Data extracted from a collection.
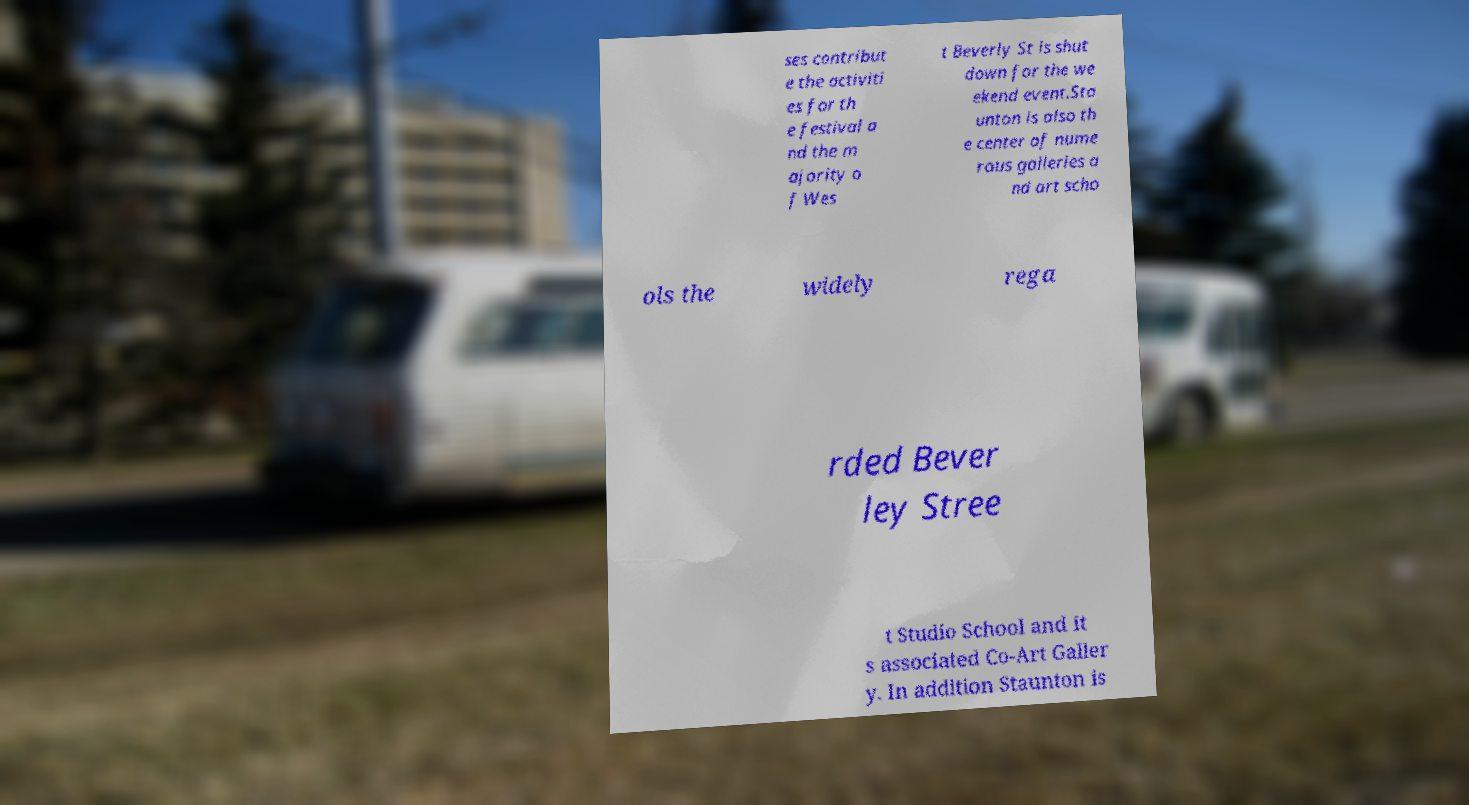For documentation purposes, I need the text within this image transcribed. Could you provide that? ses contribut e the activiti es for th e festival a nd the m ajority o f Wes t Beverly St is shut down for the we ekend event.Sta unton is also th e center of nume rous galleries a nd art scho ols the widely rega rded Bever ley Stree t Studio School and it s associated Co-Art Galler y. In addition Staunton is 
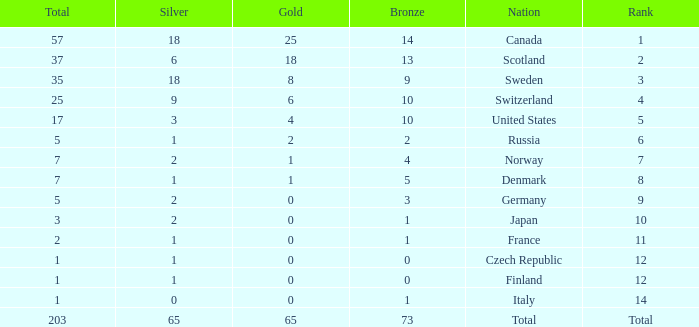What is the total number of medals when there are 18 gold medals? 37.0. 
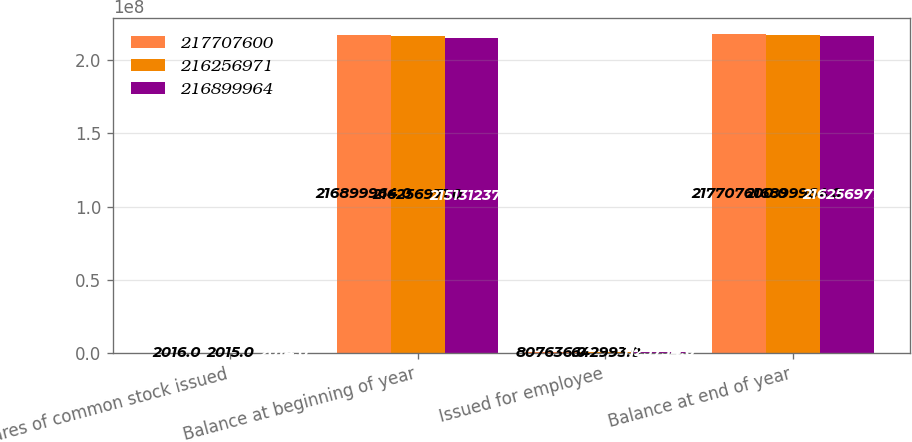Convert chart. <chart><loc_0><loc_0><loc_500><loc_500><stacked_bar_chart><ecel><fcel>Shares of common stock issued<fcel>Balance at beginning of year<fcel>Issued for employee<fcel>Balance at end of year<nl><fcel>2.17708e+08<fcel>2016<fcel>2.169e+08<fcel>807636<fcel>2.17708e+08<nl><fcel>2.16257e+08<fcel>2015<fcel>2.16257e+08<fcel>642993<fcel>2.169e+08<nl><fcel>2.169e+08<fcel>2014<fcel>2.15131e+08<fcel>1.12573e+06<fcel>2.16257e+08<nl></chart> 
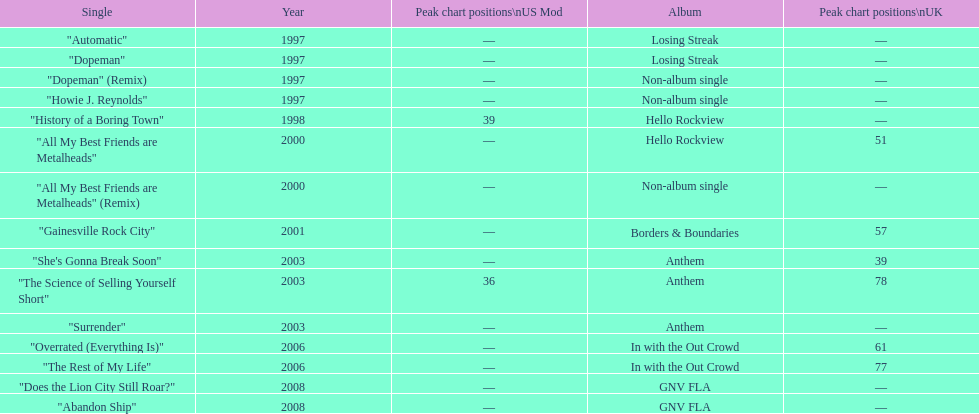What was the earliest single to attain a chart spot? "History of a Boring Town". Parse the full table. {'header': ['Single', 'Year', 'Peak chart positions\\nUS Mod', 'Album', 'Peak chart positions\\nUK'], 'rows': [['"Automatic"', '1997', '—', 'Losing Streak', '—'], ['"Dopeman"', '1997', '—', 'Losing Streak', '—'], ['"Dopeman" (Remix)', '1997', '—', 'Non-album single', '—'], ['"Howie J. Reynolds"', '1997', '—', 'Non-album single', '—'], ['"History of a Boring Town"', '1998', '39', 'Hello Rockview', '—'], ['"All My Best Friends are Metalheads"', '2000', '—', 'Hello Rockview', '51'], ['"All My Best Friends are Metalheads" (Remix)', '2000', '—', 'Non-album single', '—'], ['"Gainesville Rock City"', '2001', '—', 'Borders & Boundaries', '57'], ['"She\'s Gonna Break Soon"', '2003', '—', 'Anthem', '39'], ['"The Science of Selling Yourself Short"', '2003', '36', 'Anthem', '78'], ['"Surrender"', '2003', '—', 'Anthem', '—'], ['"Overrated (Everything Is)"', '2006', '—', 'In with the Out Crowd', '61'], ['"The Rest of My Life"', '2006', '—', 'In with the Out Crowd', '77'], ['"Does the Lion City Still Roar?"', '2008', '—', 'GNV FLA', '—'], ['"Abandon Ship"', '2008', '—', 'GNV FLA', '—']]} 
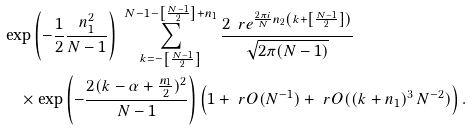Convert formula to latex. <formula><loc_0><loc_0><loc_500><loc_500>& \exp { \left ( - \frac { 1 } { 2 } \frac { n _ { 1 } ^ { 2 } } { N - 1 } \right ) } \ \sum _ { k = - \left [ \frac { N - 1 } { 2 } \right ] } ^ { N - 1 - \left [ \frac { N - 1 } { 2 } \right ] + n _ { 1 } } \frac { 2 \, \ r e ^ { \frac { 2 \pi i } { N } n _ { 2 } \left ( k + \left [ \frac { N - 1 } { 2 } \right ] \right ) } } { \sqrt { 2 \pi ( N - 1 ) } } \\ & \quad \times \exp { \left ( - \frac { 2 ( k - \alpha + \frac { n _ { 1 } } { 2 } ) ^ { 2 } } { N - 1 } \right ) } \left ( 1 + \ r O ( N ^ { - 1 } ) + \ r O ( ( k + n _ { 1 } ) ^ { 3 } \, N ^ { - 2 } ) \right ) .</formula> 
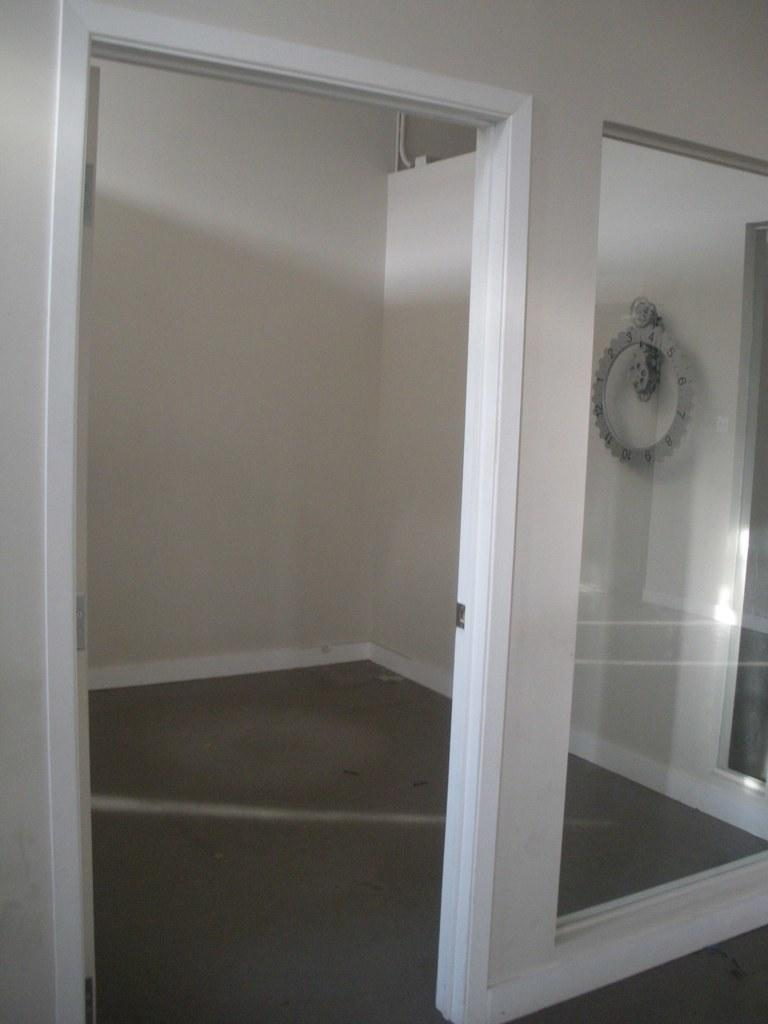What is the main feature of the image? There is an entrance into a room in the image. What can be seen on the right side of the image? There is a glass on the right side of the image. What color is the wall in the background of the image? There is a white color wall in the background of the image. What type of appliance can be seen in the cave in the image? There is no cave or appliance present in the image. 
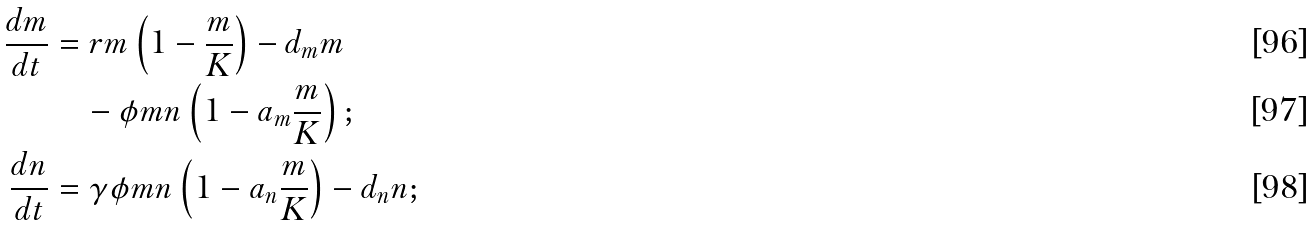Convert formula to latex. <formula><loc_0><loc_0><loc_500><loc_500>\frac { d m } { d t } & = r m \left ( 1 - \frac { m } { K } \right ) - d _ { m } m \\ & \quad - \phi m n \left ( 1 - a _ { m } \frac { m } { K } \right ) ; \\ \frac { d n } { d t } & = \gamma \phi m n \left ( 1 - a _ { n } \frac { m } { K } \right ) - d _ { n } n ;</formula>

Exercise instructions. Go through the data above and print exactly the lines from its first line through the line holding "What is the total", both included, leaving pictures aside.

Answer to this problem.
For documentation purposes, I need the text within this image transcribed. Could you provide that? ses contribut e the activiti es for th e festival a nd the m ajority o f Wes t Beverly St is shut down for the we ekend event.Sta unton is also th e center of nume rous galleries a nd art scho ols the widely rega rded Bever ley Stree t Studio School and it s associated Co-Art Galler y. In addition Staunton is 
What is the total number of medals when there are 18 gold medals? 37.0. 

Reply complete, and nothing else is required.